The term big data has become so common, it defies clear definition. A prevailing theme in any context is that big data is difficult data: difficult to store in traditional databases, difficult to process on standard servers, and difficult to analyze with typical applications. Even "smaller" data can exhibit a complexity that requires a new approach. As you explore more sources and types of data, you'll also need to identify tools and techniques for managing it efficiently and extracting real value.
This guide illustrates two uses of Amazon Web Services to process big data. Getting Started: Sentiment Analysis shows you how to use Hadoop to evaluate Twitter data.Getting Started: Web Server Log Analysis shows you how to query Apache web server logs with Hive.

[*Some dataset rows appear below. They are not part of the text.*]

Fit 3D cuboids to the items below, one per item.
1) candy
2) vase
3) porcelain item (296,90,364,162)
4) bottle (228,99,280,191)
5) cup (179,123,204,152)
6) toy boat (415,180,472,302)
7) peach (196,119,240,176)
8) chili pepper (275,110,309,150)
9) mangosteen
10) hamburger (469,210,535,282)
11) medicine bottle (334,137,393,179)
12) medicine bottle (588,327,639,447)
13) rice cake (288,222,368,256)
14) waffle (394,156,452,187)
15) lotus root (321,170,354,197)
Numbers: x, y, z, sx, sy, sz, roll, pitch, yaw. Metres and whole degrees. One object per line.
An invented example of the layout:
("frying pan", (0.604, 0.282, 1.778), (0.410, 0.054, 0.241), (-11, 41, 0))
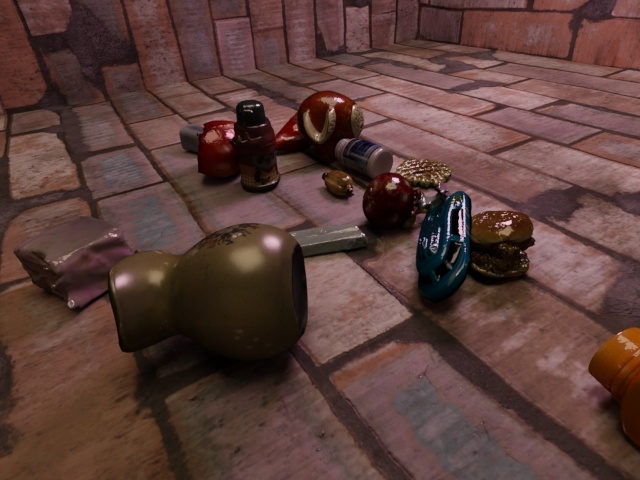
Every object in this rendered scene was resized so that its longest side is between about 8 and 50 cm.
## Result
("candy", (-0.546, 0.043, 0.940), (0.185, 0.137, 0.195), (16, 37, 27))
("vase", (-0.177, 0.085, 0.780), (0.303, 0.240, 0.329), (-6, 11, 6))
("porcelain item", (0.033, -0.391, 1.461), (0.253, 0.252, 0.253), (-3, 34, 2))
("bottle", (-0.209, -0.294, 1.278), (0.143, 0.271, 0.156), (-1, 34, 5))
("cup", (-0.466, -0.403, 1.627), (0.130, 0.095, 0.128), (22, 39, 28))
("toy boat", (0.248, -0.006, 0.889), (0.092, 0.134, 0.298), (36, 43, -13))
("peach", (-0.344, -0.310, 1.396), (0.226, 0.196, 0.190), (-34, 11, -39))
("chili pepper", (-0.087, -0.410, 1.602), (0.144, 0.136, 0.252), (44, 53, -9))
("mangosteen", (0.196, -0.087, 1.077), (0.145, 0.181, 0.156), (-50, 19, 7))
("hamburger", (0.375, 0.002, 0.908), (0.185, 0.131, 0.159), (-13, 32, -6))
("medicine bottle", (0.139, -0.276, 1.362), (0.107, 0.106, 0.191), (-27, 40, -30))
("medicine bottle", (0.491, 0.227, 0.546), (0.112, 0.149, 0.222), (-13, 35, -15))
("rice cake", (0.000, 0.000, 1.029), (0.226, 0.040, 0.085), (-8, 34, -6))
("waffle", (0.332, -0.223, 1.327), (0.169, 0.036, 0.183), (15, 39, 24))
("lotus root", (0.060, -0.174, 1.258), (0.072, 0.063, 0.152), (-49, 46, 3))
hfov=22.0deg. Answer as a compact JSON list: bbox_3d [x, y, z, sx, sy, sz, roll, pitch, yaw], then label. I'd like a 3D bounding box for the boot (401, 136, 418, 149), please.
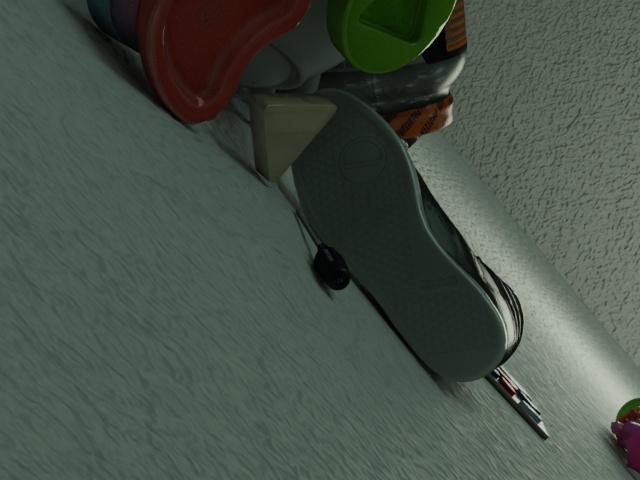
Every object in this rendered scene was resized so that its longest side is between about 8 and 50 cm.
[{"bbox_3d":[0.012,-0.208,2.025,0.223,0.118,0.338,45,3,18],"label":"boot"}]

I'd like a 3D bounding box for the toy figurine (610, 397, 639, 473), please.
[{"bbox_3d":[0.421,0.250,2.070,0.173,0.130,0.159,28,6,32],"label":"toy figurine"}]

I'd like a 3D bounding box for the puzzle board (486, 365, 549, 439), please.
[{"bbox_3d":[0.181,0.137,1.647,0.128,0.011,0.096,47,9,-10],"label":"puzzle board"}]

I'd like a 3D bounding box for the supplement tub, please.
[{"bbox_3d":[0.048,-0.269,1.678,0.193,0.193,0.316,-98,-178,-75],"label":"supplement tub"}]

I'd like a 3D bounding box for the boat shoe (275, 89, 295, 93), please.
[{"bbox_3d":[-0.064,-0.211,1.803,0.227,0.079,0.081,46,19,11],"label":"boat shoe"}]

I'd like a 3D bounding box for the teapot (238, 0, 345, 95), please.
[{"bbox_3d":[-0.062,-0.216,1.478,0.256,0.187,0.252,27,-12,-20],"label":"teapot"}]

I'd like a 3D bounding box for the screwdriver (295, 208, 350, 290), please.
[{"bbox_3d":[0.000,0.000,1.317,0.024,0.025,0.170,45,10,-22],"label":"screwdriver"}]

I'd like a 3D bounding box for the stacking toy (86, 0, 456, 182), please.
[{"bbox_3d":[-0.036,-0.225,1.327,0.130,0.309,0.279,41,-11,34],"label":"stacking toy"}]

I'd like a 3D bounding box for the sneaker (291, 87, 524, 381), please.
[{"bbox_3d":[0.076,0.003,1.446,0.296,0.104,0.147,57,9,18],"label":"sneaker"}]
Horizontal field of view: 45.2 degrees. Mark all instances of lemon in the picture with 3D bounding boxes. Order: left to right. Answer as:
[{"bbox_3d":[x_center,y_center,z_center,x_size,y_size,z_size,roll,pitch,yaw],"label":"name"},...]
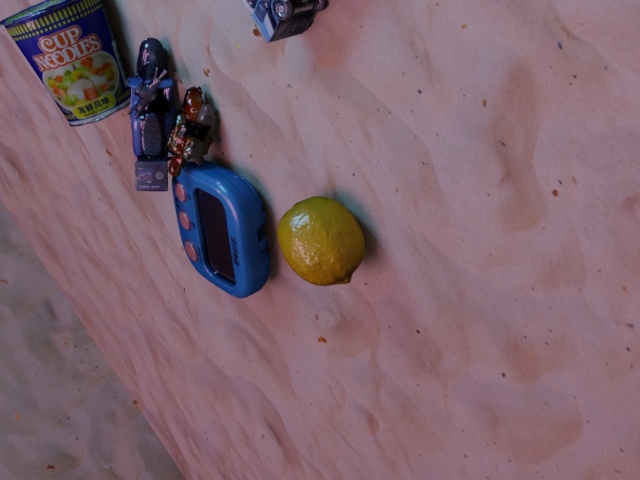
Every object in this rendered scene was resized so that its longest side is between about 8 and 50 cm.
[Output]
[{"bbox_3d":[0.000,0.003,1.621,0.181,0.181,0.193,-11,89,54],"label":"lemon"}]

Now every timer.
[{"bbox_3d":[-0.252,-0.033,1.963,0.309,0.115,0.340,28,133,42],"label":"timer"}]

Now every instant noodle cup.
[{"bbox_3d":[-0.647,-0.484,2.044,0.284,0.284,0.312,12,131,47],"label":"instant noodle cup"}]

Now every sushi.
[{"bbox_3d":[-0.311,-0.260,1.870,0.103,0.097,0.226,22,95,3],"label":"sushi"}]

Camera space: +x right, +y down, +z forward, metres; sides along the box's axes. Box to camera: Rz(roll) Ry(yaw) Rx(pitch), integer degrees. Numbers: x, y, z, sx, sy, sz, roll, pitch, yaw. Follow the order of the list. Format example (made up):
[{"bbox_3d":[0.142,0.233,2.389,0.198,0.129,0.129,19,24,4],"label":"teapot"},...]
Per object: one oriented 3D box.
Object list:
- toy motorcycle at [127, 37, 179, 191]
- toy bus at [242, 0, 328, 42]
[{"bbox_3d":[-0.418,-0.319,1.922,0.212,0.125,0.358,-108,19,-62],"label":"toy motorcycle"},{"bbox_3d":[-0.042,-0.501,1.390,0.131,0.106,0.297,55,146,15],"label":"toy bus"}]
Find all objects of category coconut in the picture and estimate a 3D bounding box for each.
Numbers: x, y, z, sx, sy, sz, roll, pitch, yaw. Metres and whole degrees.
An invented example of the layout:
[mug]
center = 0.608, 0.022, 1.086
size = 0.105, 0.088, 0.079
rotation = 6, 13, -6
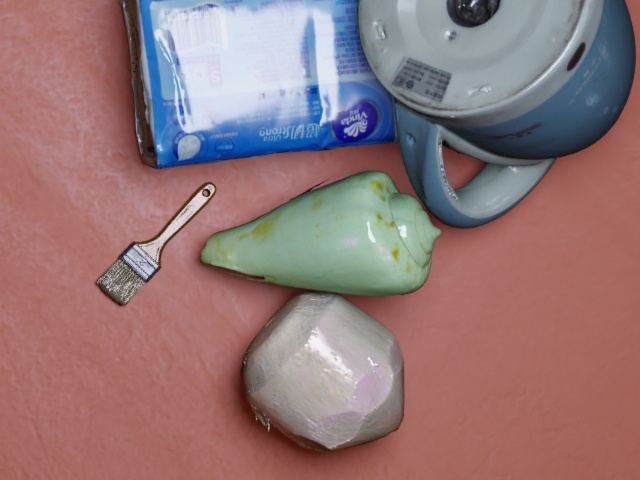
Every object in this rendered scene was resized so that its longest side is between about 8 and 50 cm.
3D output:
[coconut]
center = 0.010, 0.151, 1.737
size = 0.183, 0.171, 0.171
rotation = 43, 84, -5

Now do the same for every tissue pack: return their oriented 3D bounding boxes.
[tissue pack]
center = -0.067, -0.187, 1.716
size = 0.264, 0.146, 0.198
rotation = -7, 95, -13

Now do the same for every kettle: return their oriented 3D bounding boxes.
[kettle]
center = 0.197, -0.166, 1.700
size = 0.247, 0.342, 0.319
rotation = 35, 93, 29

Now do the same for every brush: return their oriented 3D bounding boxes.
[brush]
center = -0.175, -0.001, 1.770
size = 0.043, 0.014, 0.170
rotation = 44, 82, -8

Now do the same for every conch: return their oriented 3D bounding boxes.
[conch]
center = 0.015, 0.007, 1.730
size = 0.143, 0.251, 0.137
rotation = -44, 112, -48

Key AWS Services for Big Data
With Amazon Web Services, you pay only for the resources you use. Instead of maintaining a cluster of physical servers and storage devices that are standing by for possible use, you can create resources when you need them. AWS also supports popular tools like Hadoop, and makes it easy to provision, configure, and monitor clusters for running those tools.
The following table shows how Amazon Web Services can help you manage big data.
|Amazon Web Services
|Data sets can be very large. Storage can become expensive, and data corruption and loss can have far-reaching implications.
|Amazon Simple Storage Service (Amazon S3)
|Amazon S3 can store large amounts of data, and its capacity can grow to meet your needs. It is highly redundant and secure, protecting against data loss and unauthorized use. Amazon S3 also has an intentionally small feature set to keep its costs low.
|Maintaining a cluster of physical servers to process data is expensive and time-consuming.
|Amazon Elastic Compute Cloud (Amazon EC2)
|When you run an application on a virtual Amazon EC2 server, you pay for the server only while the application is running, and you can increase the number of servers — within minutes, not hours or days — to meet the processing needs of your application.
|Hadoop and other open-source big-data tools can be challenging to configure, monitor, and operate.
|Amazon EMR handles cluster configuration, monitoring, and management. Amazon EMR also integrates open-source tools with other AWS services to simplify large-scale data processing in the cloud, so you can focus on data analysis and extracting value.